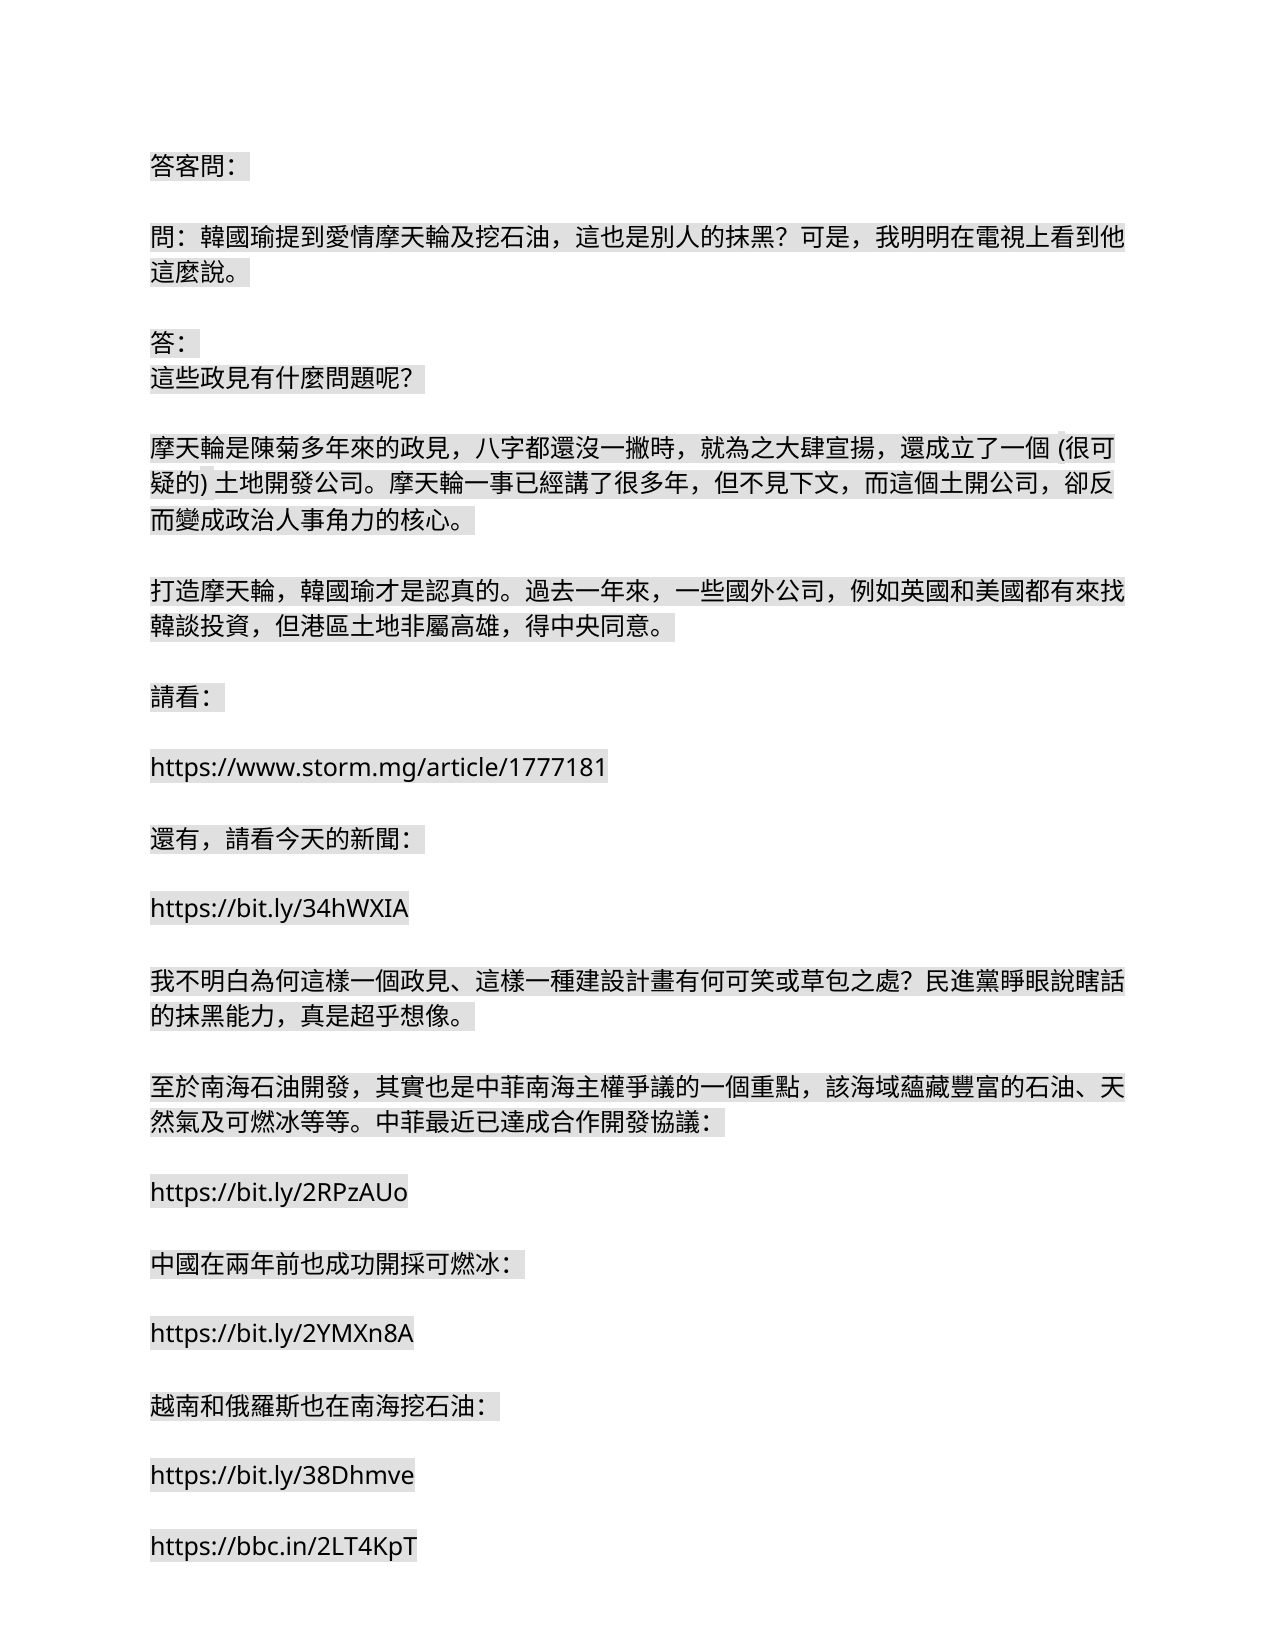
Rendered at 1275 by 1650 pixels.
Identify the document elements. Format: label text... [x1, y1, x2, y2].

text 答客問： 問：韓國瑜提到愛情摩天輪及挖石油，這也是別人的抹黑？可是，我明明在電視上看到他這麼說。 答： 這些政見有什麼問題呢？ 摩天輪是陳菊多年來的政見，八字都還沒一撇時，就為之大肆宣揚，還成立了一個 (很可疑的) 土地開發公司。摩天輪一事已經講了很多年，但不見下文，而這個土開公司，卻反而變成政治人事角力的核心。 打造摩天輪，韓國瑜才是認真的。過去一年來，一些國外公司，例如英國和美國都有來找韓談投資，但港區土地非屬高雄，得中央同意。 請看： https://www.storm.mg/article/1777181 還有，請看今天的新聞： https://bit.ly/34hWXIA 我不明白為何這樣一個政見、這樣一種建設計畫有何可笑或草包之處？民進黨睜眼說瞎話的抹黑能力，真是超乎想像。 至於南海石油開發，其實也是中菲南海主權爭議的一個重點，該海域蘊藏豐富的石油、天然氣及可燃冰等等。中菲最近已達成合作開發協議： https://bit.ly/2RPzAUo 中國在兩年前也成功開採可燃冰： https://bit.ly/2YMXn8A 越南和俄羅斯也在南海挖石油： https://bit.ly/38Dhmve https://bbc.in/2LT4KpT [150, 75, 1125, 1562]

+ + +

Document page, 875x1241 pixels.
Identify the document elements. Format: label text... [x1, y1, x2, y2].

+ + +

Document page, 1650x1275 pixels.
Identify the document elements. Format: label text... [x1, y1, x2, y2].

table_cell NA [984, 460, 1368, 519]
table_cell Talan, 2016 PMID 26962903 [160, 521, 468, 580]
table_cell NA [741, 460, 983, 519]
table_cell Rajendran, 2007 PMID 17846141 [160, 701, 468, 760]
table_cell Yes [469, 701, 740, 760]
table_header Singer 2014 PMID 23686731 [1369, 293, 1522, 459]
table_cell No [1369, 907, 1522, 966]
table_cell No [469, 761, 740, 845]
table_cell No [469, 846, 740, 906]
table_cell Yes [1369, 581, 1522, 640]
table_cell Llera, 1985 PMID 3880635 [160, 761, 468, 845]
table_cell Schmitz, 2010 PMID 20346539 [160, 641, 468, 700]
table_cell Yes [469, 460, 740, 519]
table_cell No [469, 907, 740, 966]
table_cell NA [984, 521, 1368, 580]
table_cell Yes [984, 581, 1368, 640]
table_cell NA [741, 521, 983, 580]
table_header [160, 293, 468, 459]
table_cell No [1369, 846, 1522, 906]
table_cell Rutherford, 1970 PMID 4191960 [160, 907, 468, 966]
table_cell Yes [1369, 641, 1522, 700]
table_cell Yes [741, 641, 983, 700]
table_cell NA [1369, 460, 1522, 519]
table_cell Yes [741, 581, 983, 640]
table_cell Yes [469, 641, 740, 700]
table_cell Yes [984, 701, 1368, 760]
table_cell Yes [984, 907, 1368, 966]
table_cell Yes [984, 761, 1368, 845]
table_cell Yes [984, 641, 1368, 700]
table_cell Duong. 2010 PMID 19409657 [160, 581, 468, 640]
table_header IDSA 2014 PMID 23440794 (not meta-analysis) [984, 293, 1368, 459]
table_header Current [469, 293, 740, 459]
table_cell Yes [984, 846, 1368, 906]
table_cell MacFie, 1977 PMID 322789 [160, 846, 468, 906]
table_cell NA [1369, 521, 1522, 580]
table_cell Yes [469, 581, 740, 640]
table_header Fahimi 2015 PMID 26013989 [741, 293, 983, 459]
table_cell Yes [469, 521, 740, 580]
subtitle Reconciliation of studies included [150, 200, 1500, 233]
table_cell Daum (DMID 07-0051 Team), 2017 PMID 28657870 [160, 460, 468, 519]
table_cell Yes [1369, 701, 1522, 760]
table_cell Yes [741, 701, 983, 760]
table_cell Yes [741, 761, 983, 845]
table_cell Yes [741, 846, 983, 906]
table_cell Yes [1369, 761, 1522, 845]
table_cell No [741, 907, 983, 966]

+ + +

**Assigned task**
Among the lines above, return those that hold the word "page".

**Your response**
Document page, 875x1241 pixels.
Document page, 1650x1275 pixels.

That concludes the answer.